• [DIRECTIONS]: Return, verbatim and in full, the records that follow, but not their pictures.

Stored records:
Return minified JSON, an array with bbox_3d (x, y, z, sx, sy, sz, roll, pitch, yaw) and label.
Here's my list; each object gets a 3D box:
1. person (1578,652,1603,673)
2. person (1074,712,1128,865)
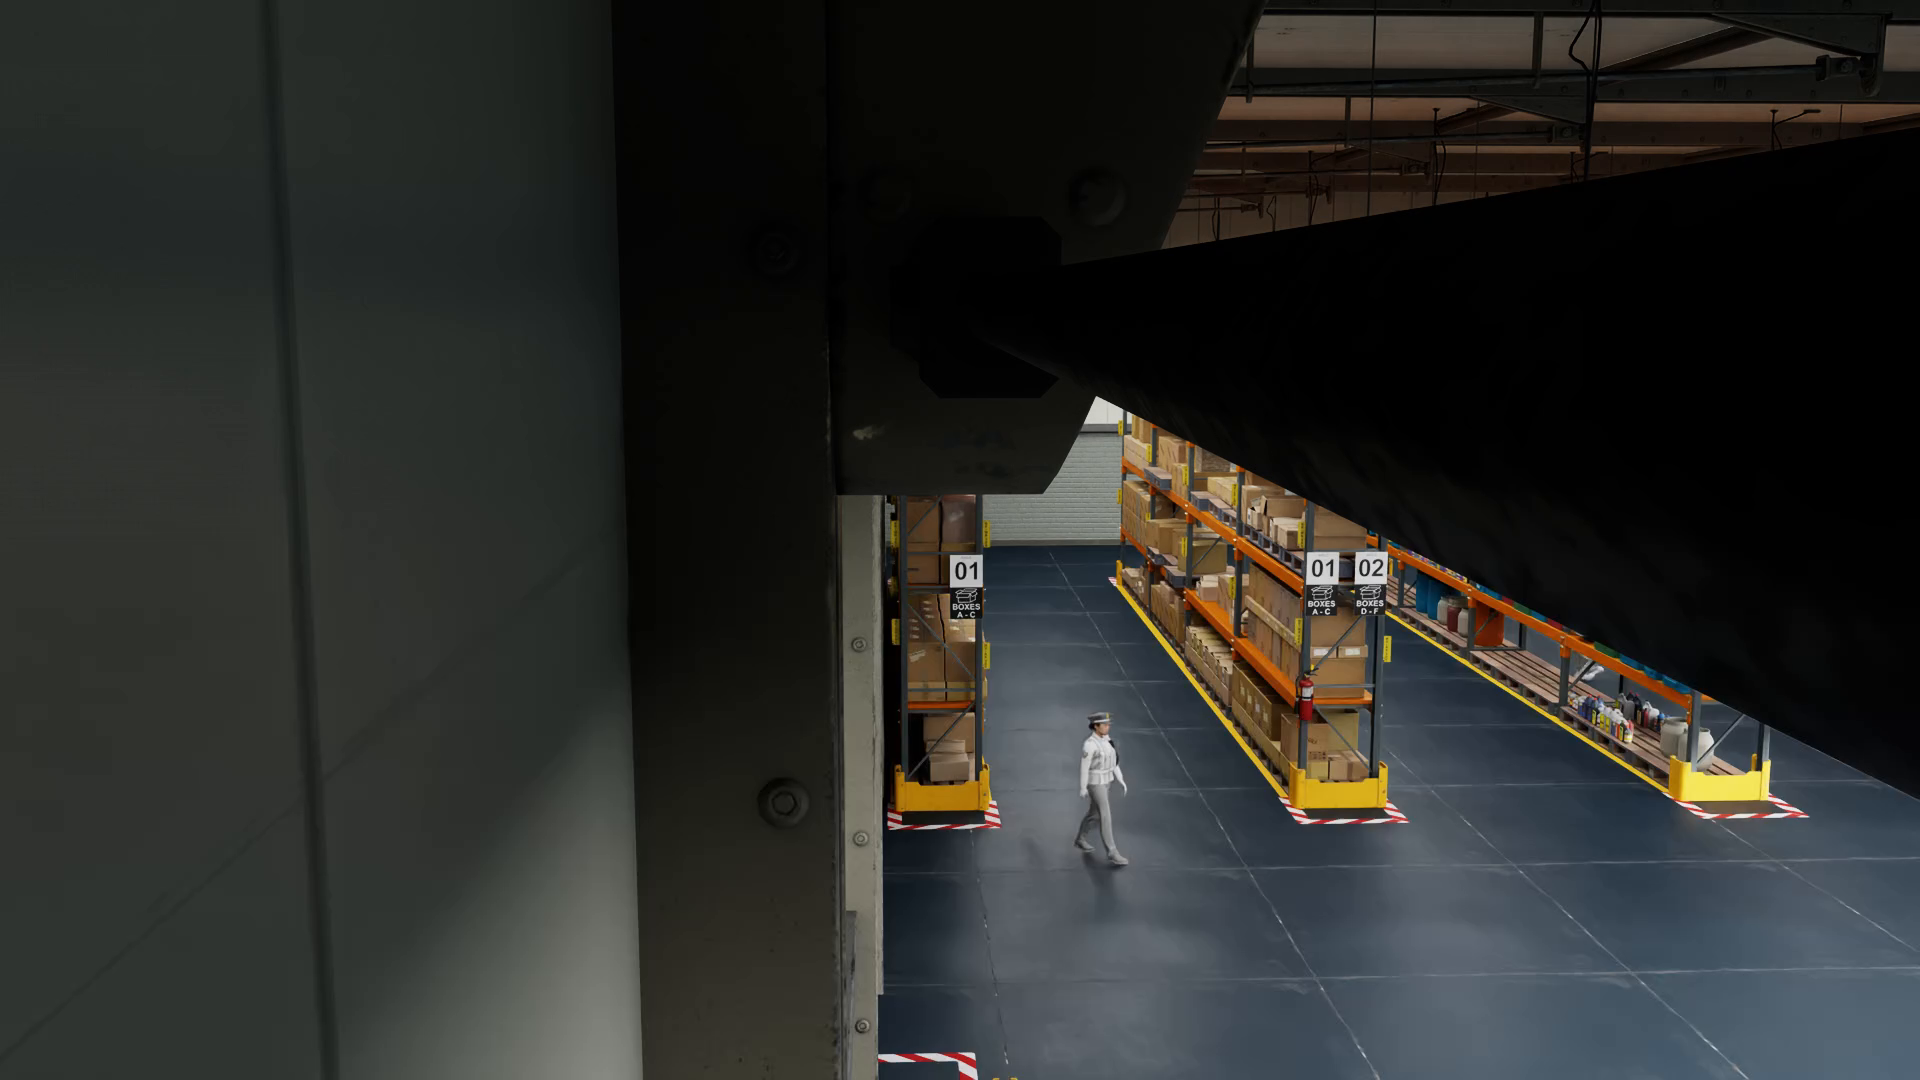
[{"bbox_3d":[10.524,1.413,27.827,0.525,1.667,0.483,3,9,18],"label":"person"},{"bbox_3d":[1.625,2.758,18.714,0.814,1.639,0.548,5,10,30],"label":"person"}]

• [ANSWER BOX]:
Return minified JSON, an array with bbox_3d (x, y, z, sx, sy, sz, roll, pitch, yaw) and label.
Here's my list; each object gets a 3D box:
1. person (1578,652,1603,673)
2. person (1074,712,1128,865)
[{"bbox_3d":[10.524,1.413,27.827,0.525,1.667,0.483,3,9,18],"label":"person"},{"bbox_3d":[1.625,2.758,18.714,0.814,1.639,0.548,5,10,30],"label":"person"}]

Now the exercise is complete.